Copyright 2019 Klaus Strohmenger

Permission is hereby granted, free of charge, to any person obtaining a copy of this software and associated documentation files (the "Software"), to deal in the Software without restriction, including without limitation the rights to use, copy, modify, merge, publish, distribute, sublicense, and/or sell copies of the Software, and to permit persons to whom the Software is furnished to do so, subject to the following conditions:

The above copyright notice and this permission notice shall be included in all copies or substantial portions of the Software.

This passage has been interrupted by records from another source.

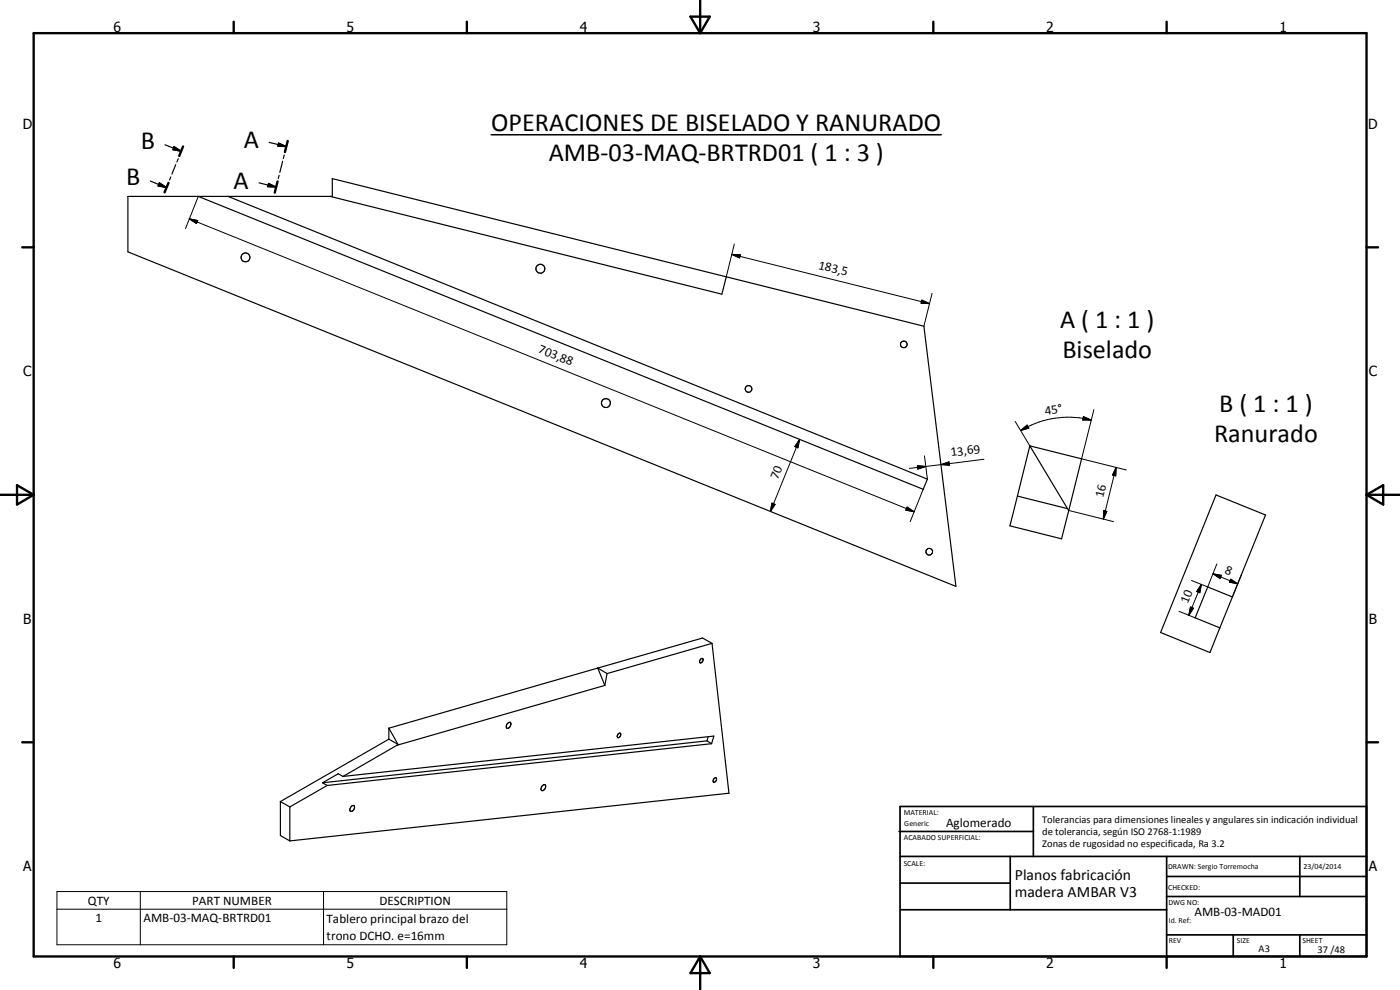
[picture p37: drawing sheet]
<svg xmlns="http://www.w3.org/2000/svg" width="420mm" height="297mm" viewBox="0 0 420 297" stroke-linecap="round" stroke-linejoin="round" font-family="sans-serif">
<defs><g id="words">
<g font-size="7.9">
<text x="147.4" y="39.4">OPERACIONES DE BISELADO Y RANURADO</text>
<text x="42.2" y="44.7">B</text>
<text x="73.1" y="44.4">A</text>
<text x="164.7" y="48.3">AMB-03-MAQ-BRTRD01 ( 1 : 3 )</text>
<text x="37.8" y="55.6">B</text>
<text x="70.1" y="56.6">A</text>
<text x="318.1" y="98.3">A ( 1 : 1 )</text>
<text x="318.8" y="107.4">Biselado</text>
<text x="365.9" y="123.6">B ( 1 : 1 )</text>
<text x="364.4" y="132.6">Ranurado</text>
</g>
<g font-size="4.7">
<text x="304.6" y="263.9">Planos fabricación</text>
<text x="304.6" y="269.3">madera AMBAR V3</text>
</g>
<g font-size="4.2">
<text x="34" y="9.6">6</text>
<text x="104" y="9.6">5</text>
<text x="174" y="9.6">4</text>
<text x="244" y="9.6">3</text>
<text x="314" y="9.6">2</text>
<text x="384" y="9.6">1</text>
<text x="6.8" y="38.7">D</text>
<text x="410.6" y="38.7">D</text>
<text x="7" y="112.9">C</text>
<text x="410.8" y="112.9">C</text>
<text x="7" y="187.1">B</text>
<text x="410.8" y="187.1">B</text>
<text x="7" y="261.4">A</text>
<text x="410.8" y="261.4">A</text>
<text x="34" y="290.4">6</text>
<text x="104" y="290.4">5</text>
<text x="174" y="290.4">4</text>
<text x="244" y="290.4">3</text>
<text x="314" y="290.4">2</text>
<text x="384" y="290.4">1</text>
</g>
<g font-size="3.9">
<text x="245.5" y="80.6" transform="rotate(14 245.5 80.6)">183,5</text>
<text x="161.3" y="105.7" transform="rotate(22 161.3 105.7)">703,88</text>
<text x="313.7" y="124.4" transform="rotate(-8 313.7 124.4)">45°</text>
<text x="285.4" y="136.9" transform="rotate(-7 285.4 136.9)">13,69</text>
<text x="233.4" y="143.9" transform="rotate(-68 233.4 143.9)">70</text>
<text x="331" y="149.6" transform="rotate(-76 331 149.6)">16</text>
<text x="367.4" y="171.8" transform="rotate(22 367.4 171.8)">8</text>
<text x="356.5" y="181.3" transform="rotate(-68 356.5 181.3)">10</text>
<text x="284" y="248">Aglomerado</text>
<text x="26.4" y="271.4">QTY</text>
<text x="57.7" y="271.4">PART NUMBER</text>
<text x="113.9" y="271.4">DESCRIPTION</text>
<text x="358.5" y="275">AMB-03-MAD01</text>
<text x="28.6" y="276.7">1</text>
<text x="43" y="276.7">AMB-03-MAQ-BRTRD01</text>
<text x="98" y="276.8">Tablero principal brazo del</text>
<text x="98" y="282.2">trono DCHO. e=16mm</text>
</g>
<g font-size="3.1">
<text x="312.7" y="246.8">Tolerancias para dimensiones lineales y angulares sin indicación individual</text>
<text x="312.7" y="250.4">de tolerancia, según ISO 2768-1:1989</text>
<text x="312.7" y="254">Zonas de rugosidad no especificada, Ra 3.2</text>
<text x="377.7" y="285.6">A3</text>
<text x="395.4" y="285.9">37 /48</text>
</g>
<g font-size="2.4">
<text x="271.2" y="244.4">MATERIAL:</text>
<text x="271.3" y="252">ACABADO SUPERFICIAL:</text>
<text x="271.4" y="247.9">Generic</text>
<text x="271.2" y="259.7">SCALE:</text>
<text x="350.6" y="260.8">DRAWN: Sergio Torremocha</text>
<text x="391.2" y="260.6">23/04/2014</text>
<text x="350.6" y="267">CHECKED:</text>
<text x="350.6" y="271.4">DWG NO:</text>
<text x="350.8" y="276.9">Id. Ref:</text>
<text x="350.8" y="282.8">REV</text>
<text x="371.2" y="282.9">SIZE</text>
<text x="390.9" y="282.9">SHEET</text>
</g>
</g></defs>
<g fill="none" stroke="#000" stroke-width=".35">
<path d="M38.4 58.9h61.3v-5.3l177.6 44.3 9.6 78-248.5-100.3zM45.1 54.3l4.9 2M47.8 54.9l2.2 1.4-2.6-.5zM49.5 43.4l4.9 2M50.6 54.9l-1.2 2.8M51.3 53.1l-.4 .9M52.2 44l2.2 1.4-2.5-.5zM52.7 49.4l-1.1 2.8M53.5 47.6l-.4 1M54.9 43.9l-1.1 2.9M59.5 58.9l217.6 87.9 1.2-3-209.9-84.9M77.8 54.9l5.1 1.2"/>
<path d="M80.6 55l2.3 1.1-2.6-.1zM80.8 42.7l5.1 1.3M83.3 54.4l-.8 3.4M83.6 42.9l2.3 1.1-2.5-.1zM83.8 52.6l-.3 1M84.8 48.4l-.8 3.3M85.3 46.5l-.3 1M86.3 42.3l-.8 3.3M99.1 58.9l117.6 29.4 1.3-5.2M309.1 133.8l-3.8 15M309.1 133.8l11.3 18.8M309.1 133.8l15.5 3.9-3.9 15.5"/>
<path d="M305.3 148.8l-2.2 9 15.5 3.9 2.1-8.5M305.3 148.8l15.1 3.8M320.4 152.6l.3 .6M364.9 148.5l14.9 6-16.7 41.3-14.8-6zM369.9 179.1l-7.5-3-3.7 9.3 7.4 3M210.2 197.8l.4-.3 .3 .1a.82 .82 0 0 1-.1 .9 .82 .82 0 0 1-.8 .3zM213.7 193l5.1 45-131.8 14.3M213.7 193l-31.5 9.1M213.7 193l-2.8-1.6-31.5 9M116.7 218.5v3.3M116.7 218.5l2.8 4.9M152.2 217.2l.4-.3a.58 .58 0 0 1 .7 .2 .58 .58 0 0 1-.1 .7l-.5 .6a.48 .48 0 0 1-.6 .1 .48 .48 0 0 1-.1-.7z"/>
<path d="M179.4 200.4l2.1 5.3M179.4 200.4l-62.7 18.1M179.4 200.4l2.8 1.7M181.5 205.7l-62.3 17.9M182.2 202.1l-.7 3.6M96.8 234.9l1.4 .8M98.2 235.7l-11.2 6.4M102.9 233l-1.4-.8-4.7 2.7M116.7 221.8l2.8 1.6M116.7 221.8l-32.6 18.7M119.2 223.6l-16.3 9.4M119.5 223.4l-.3 .2"/>
<path d="M162.8 235.7l.5-.3a.9 .9 0 0 1 .5 .9 .9 .9 0 0 1-.7 .8 .53 .53 0 0 1-.7 0 .53 .53 0 0 1 .1-.8zM185.5 220.3a.44 .44 0 0 1 .6-.3 .44 .44 0 0 1 .2 .6l-.3 .5-.6 .2-.2-.5zM212.2 222.3l-115.4 12.6M212.2 222.3l1.4 .8M212.5 221l-.3 1.3M213.6 223.1l.6-2.2-111.3 12.1M213.6 223.1l-115.4 12.6M214.3 233.6l.5-.3a.76 .76 0 0 1 .1 1 .76 .76 0 0 1-.8 .3zM84.1 240.5l2.9 1.6M84.1 240.5v10.2l2.9 1.6M87 242.1v10.2M105.4 241.9a.55 .55 0 0 1 .9-.2 .55 .55 0 0 1 0 .9 .71 .71 0 0 1-.5 .8 .71 .71 0 0 1-.8-.4z"/>
<circle cx="73.7" cy="77.2" r="1.33"/>
<circle cx="162.2" cy="80.6" r="1.34"/>
<circle cx="224.6" cy="116.7" r=".99"/>
<circle cx="271.3" cy="103.3" r=".99"/>
<circle cx="181.8" cy="120.9" r="1.34"/>
<circle cx="278.9" cy="165.5" r="1.01"/>
</g>
<path d="M147.4 40.4h135.1" fill="none" stroke="#000" stroke-width=".46"/>
<g fill="none" stroke="#000" stroke-width=".71">
<path d="M10.1 9.9h400v277.1h-400zM70.1 6.5v3.4M140.1 6.5v3.4M207.2 5h5.8l-2.9 4.9zM210.1 0v9.9M280.1 6.5v3.4M350.1 6.5v3.4M50.6 54.9l-1.2 2.8M54.9 43.9l-1.1 2.9M83.3 54.4l-.8 3.4M86.3 42.3l-.8 3.3M6.7 74.2h3.4"/>
<path d="M410.1 74.2h3.5M.1 148.5h10M5.1 145.6l5 2.9-5 2.9zM410.1 148.5h10M410.1 148.5l5-2.9v5.8zM6.7 222.7h3.4M410.1 222.7h3.5M70.1 287v3.4M140.1 287v3.4M210.1 287v10M210.1 287l2.9 5h-5.8zM280.1 287v3.4"/>
<path d="M350.1 287v3.4"/>
</g>
<g fill="none" stroke="#000" stroke-width=".51">
<path d="M269.8 249.5h40.3M270.1 242h140v45h-140zM270.1 257h140M303.2 257v16M310.1 242v15M350.1 257v30M390.1 257v12M270.1 265h33.1M270.1 273h80M350.1 269h60M350.1 263h60M350.1 280.5h60"/>
<path d="M370.1 280.5v6.5M390.1 280.5v6.5"/>
</g>
<g fill="none" stroke="#000" stroke-width=".3">
<path d="M59.5 58.9l-3.8 9.7M56.8 65.7l2.5 .5-.3 .9zM56.8 65.7l217.6 87.8M219.6 76.3l2.6 .2-.3 .9zM219.6 76.3l59.4 14.8M220.4 73.2l-2.4 9.9M276.7 90l2.3 1.1-2.6-.1zM279.7 88l-2.4 9.9M240 131.8l-.5 2.6-1-.4zM240 131.8l-8.8 21.7M275.3 139.7l2.6 .3-2.5 .8zM277.4 136.8l.9 7"/>
<path d="M277.9 140l-5 .5M282.4 139.4l2.4-.8 .1 1zM282.4 139.4l-4.5 .6M295.3 137.8l-12.9 1.6M304.7 126.4l4.4 7.4M306.3 129.2l2-1.6 .5 .8zM325.2 125l2.3 1h-2.6zM327.5 126a27.8 27.8 0 0 0-21.2 3.2M328.3 122.9l-3.7 14.8 13.4 3.3M231.7 151l.9 .3-1.4 2.2zM272.2 152.1l2.2 1.4-2.5-.4zM277.1 146.8l-3.9 9.7"/>
<path d="M320.7 153.2l13.5 3.3M331.2 153.2l1 .3-1.1 2.2zM335 140.3l-.2 2.5-.9-.3zM335 140.3l-3.9 15.4M360.5 175.3l-.4 2.5-1-.3zM360.5 175.3l-3.7 9.3M364.1 172.2l2.5 .4-.4 1zM364.1 172.2l7.4 3M365.2 169.2l-2.8 6.9-4.8-1.9M369.3 173.8l2.2 1.4-2.5-.5zM372.6 172.2l-2.7 6.9M353.9 183.4l4.8 2"/>
<path d="M357.3 182.1l.9 .4-1.4 2.1zM17.1 267.5h135v16h-135zM17.1 272.8h135M42.1 267.5v16M97.1 267.5v16"/>
</g>
<g fill="#000">
<path d="M47.8 54.9l2.2 1.4-2.6-.5zM52.2 44l2.2 1.4-2.5-.5zM80.6 55l2.3 1.1-2.6-.1zM83.6 42.9l2.3 1.1-2.5-.1zM56.8 65.7l2.5 .5-.3 .9zM219.6 76.3l2.6 .2-.3 .9zM276.7 90l2.3 1.1-2.6-.1zM240 131.8l-.5 2.6-1-.4zM282.4 139.4l2.4-.8 .1 1zM306.3 129.2l2-1.6 .5 .8zM325.2 125l2.3 1h-2.6zM231.7 151l.9 .3-1.4 2.2z"/>
<path d="M272.2 152.1l2.2 1.4-2.5-.4zM275.3 139.7l2.6 .3-2.5 .8zM331.2 153.2l1 .3-1.1 2.2zM335 140.3l-.2 2.5-.9-.3zM360.5 175.3l-.4 2.5-1-.3zM364.1 172.2l2.5 .4-.4 1zM369.3 173.8l2.2 1.4-2.5-.5zM357.3 182.1l.9 .4-1.4 2.1z"/>
</g>
<use href="#words"/>
</svg>

THE SOFTWARE IS PROVIDED "AS IS", WITHOUT WARRANTY OF ANY KIND, EXPRESS OR IMPLIED, INCLUDING BUT NOT LIMITED TO THE WARRANTIES OF MERCHANTABILITY, FITNESS FOR A PARTICULAR PURPOSE AND NONINFRINGEMENT. IN NO EVENT SHALL THE AUTHORS OR COPYRIGHT HOLDERS BE LIABLE FOR ANY CLAIM, DAMAGES OR OTHER LIABILITY, WHETHER IN AN ACTION OF CONTRACT, TORT OR OTHERWISE, ARISING FROM, OUT OF OR IN CONNECTION WITH THE SOFTWARE OR THE USE OR OTHER DEALINGS IN THE SOFTWARE.